▸ EXERCISE DETAILS
Give again only those lines from the start of the entries through the line holding "tags: flowers: vinca", leaving them as they are.

Stored entries:
***

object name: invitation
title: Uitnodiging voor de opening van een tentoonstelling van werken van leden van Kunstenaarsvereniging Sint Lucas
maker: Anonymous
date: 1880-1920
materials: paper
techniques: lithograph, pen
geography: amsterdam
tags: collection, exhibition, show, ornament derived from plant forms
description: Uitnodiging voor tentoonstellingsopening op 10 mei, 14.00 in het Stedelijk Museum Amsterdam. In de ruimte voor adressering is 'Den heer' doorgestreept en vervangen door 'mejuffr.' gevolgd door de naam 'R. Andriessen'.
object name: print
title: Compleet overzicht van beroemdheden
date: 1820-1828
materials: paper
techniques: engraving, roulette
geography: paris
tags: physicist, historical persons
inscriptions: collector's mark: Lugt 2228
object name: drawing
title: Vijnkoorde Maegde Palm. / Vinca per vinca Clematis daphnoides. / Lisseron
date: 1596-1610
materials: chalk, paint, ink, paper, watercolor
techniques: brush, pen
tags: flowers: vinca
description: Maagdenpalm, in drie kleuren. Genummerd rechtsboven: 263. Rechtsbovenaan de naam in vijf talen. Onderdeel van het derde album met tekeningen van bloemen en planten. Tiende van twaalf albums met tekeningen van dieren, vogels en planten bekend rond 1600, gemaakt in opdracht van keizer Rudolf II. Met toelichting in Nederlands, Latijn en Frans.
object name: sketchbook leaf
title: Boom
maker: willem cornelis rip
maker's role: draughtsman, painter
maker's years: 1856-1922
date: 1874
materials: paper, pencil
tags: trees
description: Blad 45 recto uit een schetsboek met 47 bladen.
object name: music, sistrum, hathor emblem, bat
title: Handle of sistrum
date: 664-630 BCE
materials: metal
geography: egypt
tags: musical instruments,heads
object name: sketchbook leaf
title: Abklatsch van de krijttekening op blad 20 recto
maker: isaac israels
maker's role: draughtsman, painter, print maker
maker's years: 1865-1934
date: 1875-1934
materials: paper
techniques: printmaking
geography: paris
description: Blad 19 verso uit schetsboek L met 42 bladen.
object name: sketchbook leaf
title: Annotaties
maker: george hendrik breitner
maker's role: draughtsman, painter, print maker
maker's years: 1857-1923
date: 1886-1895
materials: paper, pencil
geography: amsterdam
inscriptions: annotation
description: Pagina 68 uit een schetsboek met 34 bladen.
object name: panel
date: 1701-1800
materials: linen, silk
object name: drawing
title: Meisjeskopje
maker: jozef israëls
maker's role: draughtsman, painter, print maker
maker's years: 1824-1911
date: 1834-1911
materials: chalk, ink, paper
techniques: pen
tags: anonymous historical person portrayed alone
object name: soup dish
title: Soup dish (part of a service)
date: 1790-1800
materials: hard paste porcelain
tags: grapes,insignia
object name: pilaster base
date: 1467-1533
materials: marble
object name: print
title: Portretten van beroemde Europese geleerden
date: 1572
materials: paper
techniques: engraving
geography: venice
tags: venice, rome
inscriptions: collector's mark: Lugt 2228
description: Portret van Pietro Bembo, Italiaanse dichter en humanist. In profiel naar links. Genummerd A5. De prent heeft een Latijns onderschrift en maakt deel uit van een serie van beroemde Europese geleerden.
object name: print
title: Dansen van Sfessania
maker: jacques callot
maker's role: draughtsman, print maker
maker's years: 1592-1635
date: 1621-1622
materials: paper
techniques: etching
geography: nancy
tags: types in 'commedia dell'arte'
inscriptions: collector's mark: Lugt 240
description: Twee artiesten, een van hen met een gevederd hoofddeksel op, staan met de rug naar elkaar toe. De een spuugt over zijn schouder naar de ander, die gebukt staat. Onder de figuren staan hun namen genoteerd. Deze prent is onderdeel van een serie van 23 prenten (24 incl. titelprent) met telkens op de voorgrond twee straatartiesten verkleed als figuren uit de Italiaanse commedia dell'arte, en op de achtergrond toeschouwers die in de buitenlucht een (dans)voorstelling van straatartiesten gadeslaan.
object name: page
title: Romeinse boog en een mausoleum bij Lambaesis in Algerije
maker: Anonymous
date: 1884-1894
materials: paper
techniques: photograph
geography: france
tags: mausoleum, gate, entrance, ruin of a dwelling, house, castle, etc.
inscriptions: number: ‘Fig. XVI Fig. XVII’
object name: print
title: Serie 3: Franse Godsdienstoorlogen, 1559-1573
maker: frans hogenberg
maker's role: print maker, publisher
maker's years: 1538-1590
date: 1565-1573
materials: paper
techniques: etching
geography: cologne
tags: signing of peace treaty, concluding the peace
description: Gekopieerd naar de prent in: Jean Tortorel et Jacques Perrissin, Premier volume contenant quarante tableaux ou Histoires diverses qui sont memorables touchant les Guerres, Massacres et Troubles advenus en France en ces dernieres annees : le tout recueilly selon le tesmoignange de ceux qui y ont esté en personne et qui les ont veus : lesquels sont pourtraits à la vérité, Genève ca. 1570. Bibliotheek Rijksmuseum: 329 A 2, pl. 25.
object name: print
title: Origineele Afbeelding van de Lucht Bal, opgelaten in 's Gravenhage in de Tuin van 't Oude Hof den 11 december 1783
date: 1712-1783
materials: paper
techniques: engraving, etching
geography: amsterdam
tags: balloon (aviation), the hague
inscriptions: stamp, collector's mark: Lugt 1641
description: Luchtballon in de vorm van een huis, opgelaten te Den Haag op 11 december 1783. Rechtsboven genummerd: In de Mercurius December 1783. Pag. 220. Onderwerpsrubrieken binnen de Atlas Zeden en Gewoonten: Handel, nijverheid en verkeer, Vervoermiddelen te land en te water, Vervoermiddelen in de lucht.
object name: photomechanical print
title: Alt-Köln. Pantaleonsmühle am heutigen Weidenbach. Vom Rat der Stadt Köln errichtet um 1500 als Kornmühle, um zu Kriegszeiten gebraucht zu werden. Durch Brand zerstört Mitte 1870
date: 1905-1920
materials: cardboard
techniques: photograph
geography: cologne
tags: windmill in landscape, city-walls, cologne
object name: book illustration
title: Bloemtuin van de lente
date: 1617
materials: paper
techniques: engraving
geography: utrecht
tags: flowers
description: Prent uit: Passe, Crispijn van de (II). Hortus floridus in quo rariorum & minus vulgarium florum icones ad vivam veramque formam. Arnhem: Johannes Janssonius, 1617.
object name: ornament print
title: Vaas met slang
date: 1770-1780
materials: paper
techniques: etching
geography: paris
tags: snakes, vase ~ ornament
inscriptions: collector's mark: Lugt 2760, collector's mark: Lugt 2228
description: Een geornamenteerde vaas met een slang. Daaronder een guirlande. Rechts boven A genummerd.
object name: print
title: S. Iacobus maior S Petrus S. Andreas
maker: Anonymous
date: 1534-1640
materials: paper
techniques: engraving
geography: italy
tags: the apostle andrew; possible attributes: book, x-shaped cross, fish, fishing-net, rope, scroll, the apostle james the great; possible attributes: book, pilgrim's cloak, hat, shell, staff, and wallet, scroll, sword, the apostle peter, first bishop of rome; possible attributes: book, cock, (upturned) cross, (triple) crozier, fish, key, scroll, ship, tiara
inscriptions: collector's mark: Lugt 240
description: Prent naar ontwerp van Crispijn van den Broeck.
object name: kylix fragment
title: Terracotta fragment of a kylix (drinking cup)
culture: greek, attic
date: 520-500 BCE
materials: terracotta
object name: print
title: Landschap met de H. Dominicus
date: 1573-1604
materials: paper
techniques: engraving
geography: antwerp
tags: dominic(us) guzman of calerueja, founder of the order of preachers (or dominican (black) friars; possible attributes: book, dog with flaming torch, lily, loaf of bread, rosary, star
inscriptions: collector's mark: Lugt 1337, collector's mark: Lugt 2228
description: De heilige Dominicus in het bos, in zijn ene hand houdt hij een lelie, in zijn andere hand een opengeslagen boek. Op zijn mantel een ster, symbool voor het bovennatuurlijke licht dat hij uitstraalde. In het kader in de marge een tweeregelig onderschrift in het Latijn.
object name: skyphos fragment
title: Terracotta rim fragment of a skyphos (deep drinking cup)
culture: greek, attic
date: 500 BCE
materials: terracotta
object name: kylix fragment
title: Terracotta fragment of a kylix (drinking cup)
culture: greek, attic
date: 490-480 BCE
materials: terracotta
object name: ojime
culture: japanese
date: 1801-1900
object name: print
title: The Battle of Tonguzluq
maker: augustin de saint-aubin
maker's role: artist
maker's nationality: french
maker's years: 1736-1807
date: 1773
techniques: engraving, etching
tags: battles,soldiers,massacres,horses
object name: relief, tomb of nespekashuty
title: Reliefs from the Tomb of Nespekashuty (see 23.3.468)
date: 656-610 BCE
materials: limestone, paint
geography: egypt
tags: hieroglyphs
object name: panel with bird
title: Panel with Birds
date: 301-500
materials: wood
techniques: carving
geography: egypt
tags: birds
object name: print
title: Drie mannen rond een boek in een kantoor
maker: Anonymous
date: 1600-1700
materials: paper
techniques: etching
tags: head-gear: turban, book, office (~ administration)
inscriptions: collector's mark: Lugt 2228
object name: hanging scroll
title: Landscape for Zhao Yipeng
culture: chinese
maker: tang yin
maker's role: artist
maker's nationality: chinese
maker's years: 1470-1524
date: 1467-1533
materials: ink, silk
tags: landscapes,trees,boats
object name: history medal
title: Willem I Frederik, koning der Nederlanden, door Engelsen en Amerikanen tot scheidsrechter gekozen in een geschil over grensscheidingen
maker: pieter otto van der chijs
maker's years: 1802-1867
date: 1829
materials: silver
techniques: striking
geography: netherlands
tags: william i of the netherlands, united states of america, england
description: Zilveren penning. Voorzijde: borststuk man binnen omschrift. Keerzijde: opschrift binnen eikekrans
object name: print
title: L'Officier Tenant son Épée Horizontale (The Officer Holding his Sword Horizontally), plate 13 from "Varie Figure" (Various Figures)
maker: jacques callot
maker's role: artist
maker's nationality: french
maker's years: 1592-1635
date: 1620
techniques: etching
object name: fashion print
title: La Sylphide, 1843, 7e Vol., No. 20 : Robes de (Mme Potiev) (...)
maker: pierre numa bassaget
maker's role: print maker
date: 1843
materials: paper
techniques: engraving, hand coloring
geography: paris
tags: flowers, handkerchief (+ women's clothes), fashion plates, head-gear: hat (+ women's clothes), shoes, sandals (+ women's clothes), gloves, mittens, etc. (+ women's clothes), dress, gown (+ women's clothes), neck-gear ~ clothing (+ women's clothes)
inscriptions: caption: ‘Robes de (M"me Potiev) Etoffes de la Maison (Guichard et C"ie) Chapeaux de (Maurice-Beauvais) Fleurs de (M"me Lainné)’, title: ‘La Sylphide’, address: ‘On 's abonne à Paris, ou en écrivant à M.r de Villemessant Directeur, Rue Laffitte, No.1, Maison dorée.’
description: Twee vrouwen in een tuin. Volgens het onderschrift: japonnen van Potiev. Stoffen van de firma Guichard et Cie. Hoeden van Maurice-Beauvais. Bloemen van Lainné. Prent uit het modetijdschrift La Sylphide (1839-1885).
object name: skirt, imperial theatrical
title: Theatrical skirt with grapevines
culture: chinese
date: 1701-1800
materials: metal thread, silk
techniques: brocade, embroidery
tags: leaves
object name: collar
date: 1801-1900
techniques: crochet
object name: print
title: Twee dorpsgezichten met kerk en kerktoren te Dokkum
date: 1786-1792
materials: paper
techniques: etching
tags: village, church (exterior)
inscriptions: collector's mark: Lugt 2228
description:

***

▸ TASK ANSWER
object name: invitation
title: Uitnodiging voor de opening van een tentoonstelling van werken van leden van Kunstenaarsvereniging Sint Lucas
maker: Anonymous
date: 1880-1920
materials: paper
techniques: lithograph, pen
geography: amsterdam
tags: collection, exhibition, show, ornament derived from plant forms
description: Uitnodiging voor tentoonstellingsopening op 10 mei, 14.00 in het Stedelijk Museum Amsterdam. In de ruimte voor adressering is 'Den heer' doorgestreept en vervangen door 'mejuffr.' gevolgd door de naam 'R. Andriessen'.
object name: print
title: Compleet overzicht van beroemdheden
date: 1820-1828
materials: paper
techniques: engraving, roulette
geography: paris
tags: physicist, historical persons
inscriptions: collector's mark: Lugt 2228
object name: drawing
title: Vijnkoorde Maegde Palm. / Vinca per vinca Clematis daphnoides. / Lisseron
date: 1596-1610
materials: chalk, paint, ink, paper, watercolor
techniques: brush, pen
tags: flowers: vinca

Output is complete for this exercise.